In this analysis, I've done some basic exploratory data analysis on Amazon review data to reveal the distribution & correlation between different factors.

In the second section, I introduced some basic concepts of text analysis and did some text analysis over the customer reviews. In sentiment analysis, I validated the sentiment score was well matched with customer ratings of the products. In topic modelling, I generated a LDA model to cluster the reviews into 5 distinct topics for better understanding about the reviews.

Dataset was extracted from kaggle at https://www.kaggle.com/datafiniti/consumer-reviews-of-amazon-products

import pandas as pd
import numpy as np
from matplotlib import pyplot as plt
import seaborn as sns
from vaderSentiment.vaderSentiment import SentimentIntensityAnalyzer
%matplotlib inline

print('numpy version: ' + np.__version__)
print('pandas version: ' + pd.__version__)
print('seaborn version: ' + sns.__version__)

numpy version: 1.18.1
pandas version: 1.0.1
seaborn version: 0.10.0

Exploratory data anlysis¶

Let's take a look at the dataset, retrieved from kaggle, by loading the data using pandas read_csv function.
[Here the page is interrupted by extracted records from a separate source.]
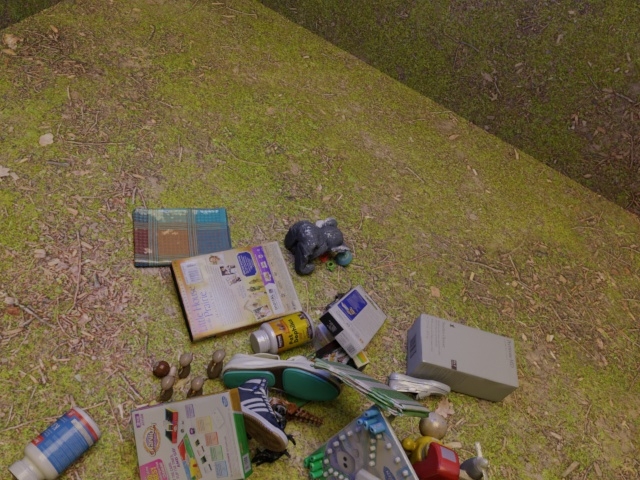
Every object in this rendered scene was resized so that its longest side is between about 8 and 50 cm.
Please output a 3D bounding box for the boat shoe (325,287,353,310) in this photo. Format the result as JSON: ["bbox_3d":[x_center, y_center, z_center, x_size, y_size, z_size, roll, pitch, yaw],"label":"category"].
[{"bbox_3d":[0.078,0.228,2.135,0.049,0.056,0.152,42,52,8],"label":"boat shoe"}]

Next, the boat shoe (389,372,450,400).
[{"bbox_3d":[0.354,0.543,1.987,0.226,0.083,0.076,11,62,4],"label":"boat shoe"}]

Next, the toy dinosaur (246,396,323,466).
[{"bbox_3d":[-0.157,0.566,1.744,0.321,0.164,0.218,-10,38,0],"label":"toy dinosaur"}]

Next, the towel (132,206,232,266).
[{"bbox_3d":[-0.529,-0.019,2.123,0.370,0.040,0.271,-1,54,-20],"label":"towel"}]

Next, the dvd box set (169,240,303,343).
[{"bbox_3d":[-0.305,0.179,2.012,0.420,0.062,0.308,-12,67,-26],"label":"dvd box set"}]

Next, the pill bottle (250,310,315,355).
[{"bbox_3d":[-0.134,0.332,1.940,0.215,0.117,0.117,-15,60,-28],"label":"pill bottle"}]

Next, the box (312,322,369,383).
[{"bbox_3d":[0.066,0.391,1.968,0.103,0.114,0.203,-18,61,-30],"label":"box"}]

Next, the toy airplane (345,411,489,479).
[{"bbox_3d":[0.313,0.664,1.682,0.386,0.384,0.272,40,64,-42],"label":"toy airplane"}]

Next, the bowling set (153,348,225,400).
[{"bbox_3d":[-0.447,0.437,1.727,0.199,0.154,0.287,28,50,2],"label":"bowling set"}]

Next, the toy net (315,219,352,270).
[{"bbox_3d":[0.033,0.019,2.292,0.122,0.045,0.232,-31,62,-3],"label":"toy net"}]

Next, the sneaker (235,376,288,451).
[{"bbox_3d":[-0.166,0.502,1.629,0.282,0.099,0.153,18,34,38],"label":"sneaker"}]

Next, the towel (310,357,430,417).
[{"bbox_3d":[0.152,0.443,1.645,0.324,0.248,0.038,21,85,34],"label":"towel"}]

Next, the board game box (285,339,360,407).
[{"bbox_3d":[-0.009,0.451,1.867,0.259,0.030,0.136,-31,68,0],"label":"board game box"}]

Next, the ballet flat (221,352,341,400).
[{"bbox_3d":[-0.123,0.430,1.814,0.400,0.139,0.139,5,50,7],"label":"ballet flat"}]

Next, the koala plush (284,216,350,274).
[{"bbox_3d":[0.000,0.000,2.187,0.221,0.203,0.196,-9,58,-26],"label":"koala plush"}]

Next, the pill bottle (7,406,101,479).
[{"bbox_3d":[-0.740,0.584,1.532,0.124,0.124,0.221,39,50,12],"label":"pill bottle"}]

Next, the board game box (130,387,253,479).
[{"bbox_3d":[-0.368,0.569,1.556,0.316,0.064,0.242,-14,80,12],"label":"board game box"}]

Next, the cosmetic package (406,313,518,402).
[{"bbox_3d":[0.528,0.443,2.063,0.384,0.156,0.217,14,49,-7],"label":"cosmetic package"}]

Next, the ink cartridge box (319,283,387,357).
[{"bbox_3d":[0.129,0.280,1.992,0.176,0.069,0.371,49,23,6],"label":"ink cartridge box"}]

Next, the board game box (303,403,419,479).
[{"bbox_3d":[0.131,0.726,1.556,0.050,0.390,0.390,-3,53,-42],"label":"board game box"}]

data = pd.read_csv('Datafiniti_Amazon_Consumer_Reviews_of_Amazon_Products.csv', 
                    low_memory=False)
data.head(2)

There are more columns than we need and we just simplied the data by keeping only columns:

name
primaryCategories
dateAdded
reviews.id
reviews.username
reviews.title
reviews.text
reviews.numHelpful
reviews.rating

data = data[['name','primaryCategories','dateAdded',
             'reviews.username',
             'reviews.title','reviews.text',
             'reviews.numHelpful','reviews.rating']]
data.head(2)

back to Top

Statistic summary of reviews¶

Before summarizing the dataset, I added some additional columns, such as:

reviews.len: length of the reviews
hour, ym, dow: hour, year-month, day-of-week of when the review was added

data['dateAdded'] = pd.to_datetime(data.dateAdded)
data['reviews.len'] = data['reviews.text'].map(len)
data['hour'] = data.dateAdded.dt.strftime('%H')
data['ym'] = data.dateAdded.dt.strftime('%Y-%m')
data['dow'] = data.dateAdded.dt.strftime('%a')
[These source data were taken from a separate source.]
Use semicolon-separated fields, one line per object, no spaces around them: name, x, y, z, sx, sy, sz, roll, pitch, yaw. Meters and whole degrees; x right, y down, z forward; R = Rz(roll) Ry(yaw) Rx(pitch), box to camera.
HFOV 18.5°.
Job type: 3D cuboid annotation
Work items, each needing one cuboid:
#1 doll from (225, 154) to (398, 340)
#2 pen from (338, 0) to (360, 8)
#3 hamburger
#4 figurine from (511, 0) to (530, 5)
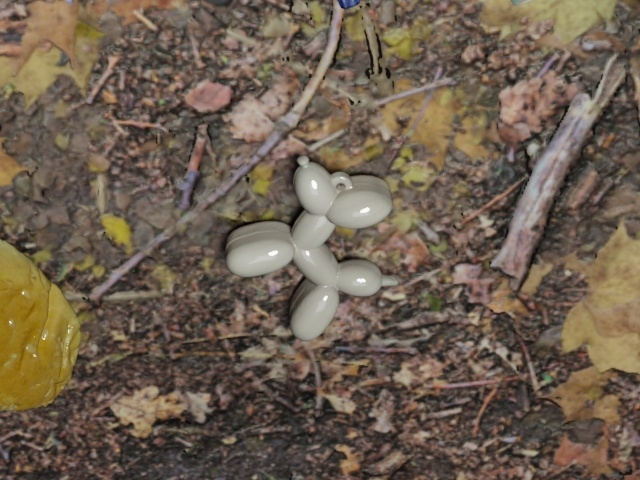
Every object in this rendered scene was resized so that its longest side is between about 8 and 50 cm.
doll;0.000;0.000;1.765;0.160;0.059;0.161;-32;118;19
pen;-0.003;-0.280;1.601;0.025;0.025;0.204;-14;123;8
hamburger;-0.303;0.076;1.767;0.207;0.135;0.155;27;121;-20
figurine;0.331;-0.240;1.512;0.382;0.224;0.205;-11;125;7
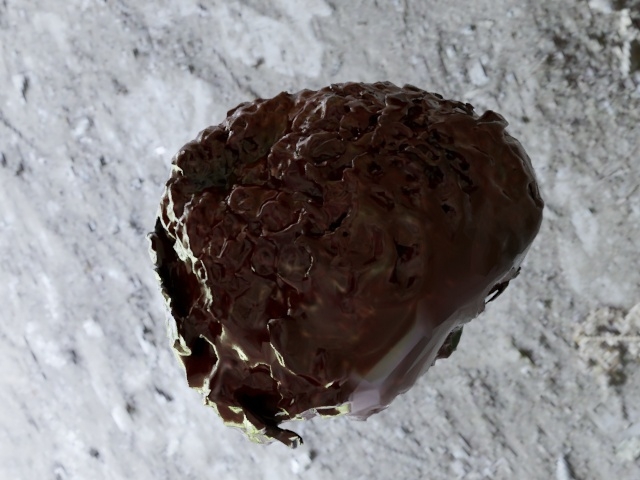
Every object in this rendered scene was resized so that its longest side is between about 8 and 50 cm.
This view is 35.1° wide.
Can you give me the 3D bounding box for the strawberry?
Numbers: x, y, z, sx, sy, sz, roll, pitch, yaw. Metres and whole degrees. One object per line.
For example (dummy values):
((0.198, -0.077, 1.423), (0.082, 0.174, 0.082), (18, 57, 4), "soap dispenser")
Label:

# summary of numeric columns
data.describe()

# summary of categorical columns
data.describe(include=['O'])

After examing the data summary, we can find some preliminary insights:

Most (at least 75%) reviews were not rated helpful by other users
Most reviews were rated 5 (full marks) by the reviewers.
The avarege reviews length is about 161 letters.
There were 3815 reviewers giving reviews for 23 products in our data.
The most frequent review time was 2pm / Wednesday / 2017 March.
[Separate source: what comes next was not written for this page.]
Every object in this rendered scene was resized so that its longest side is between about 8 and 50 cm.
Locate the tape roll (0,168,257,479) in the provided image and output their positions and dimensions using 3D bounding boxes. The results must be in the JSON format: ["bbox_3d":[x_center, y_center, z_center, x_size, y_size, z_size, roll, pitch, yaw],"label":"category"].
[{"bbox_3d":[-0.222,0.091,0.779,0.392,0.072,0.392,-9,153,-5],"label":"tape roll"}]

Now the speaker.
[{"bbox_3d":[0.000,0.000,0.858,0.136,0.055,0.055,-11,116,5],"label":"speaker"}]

The univariant summary above may not be suffcient for us to understand the data, so we can add another dimension for partition. This can be simply done by using groupby function from pandas

back to Top

Summary by categories¶

The categories were not well balanced among themselves. Electronics has the most products, reviews and revewers.
Electronics,Media has the highest quality reviews with better reviews.numHelpful and reviews.len

res = data.groupby('primaryCategories')\
    .agg(num_product = pd.NamedAgg('name', pd.Series.nunique),
         num_reviewer = pd.NamedAgg('reviews.username', pd.Series.nunique),
         num_review = pd.NamedAgg('reviews.text', pd.Series.nunique),
         avg_review_len = pd.NamedAgg('reviews.len', lambda i: np.round(np.mean(i),2)),
         avg_rating = pd.NamedAgg('reviews.rating', lambda i: np.round(np.mean(i),2)),
         avg_review_helpful = pd.NamedAgg('reviews.numHelpful', lambda i: np.round(np.mean(i),2))
          )
res

fig, axs = plt.subplots(2,3, sharey=True)
fig.set_size_inches(14, 6)
sns.barplot(res['num_product'],  res.index, ax = axs[0,0])
sns.barplot(res['num_reviewer'], res.index, ax = axs[0,1])
sns.barplot(res['num_review'],   res.index, ax = axs[0,2])
sns.boxplot(data['reviews.len'], data.primaryCategories, ax=axs[1,0])
sns.boxplot(data['reviews.rating'], data.primaryCategories, ax=axs[1,1])
sns.boxplot(data['reviews.numHelpful'], data.primaryCategories, ax=axs[1,2])
plt.tight_layout()
plt.show()

back to Top

summary by year-month¶

We have seen a peak of number of reviews on 2017-03 over 12 different products. This may be due to some bias in data collection and not necessarily reflect the real distribution of the reviews.

res = data.groupby('ym')\
    .agg(num_product = pd.NamedAgg('name', pd.Series.nunique),
           num_review = pd.NamedAgg('reviews.text', pd.Series.nunique),
           avg_review_len = pd.NamedAgg('reviews.len', lambda i: np.round(np.mean(i),2)),
           avg_rating = pd.NamedAgg('reviews.rating', lambda i: np.round(np.mean(i),2))
          ).reset_index()
res

back to Top

Correlations¶

There is some mild correlation between reviews.len and reveiews.numHelpful, which may suggest that longer reviews tend to be more helpful for other users.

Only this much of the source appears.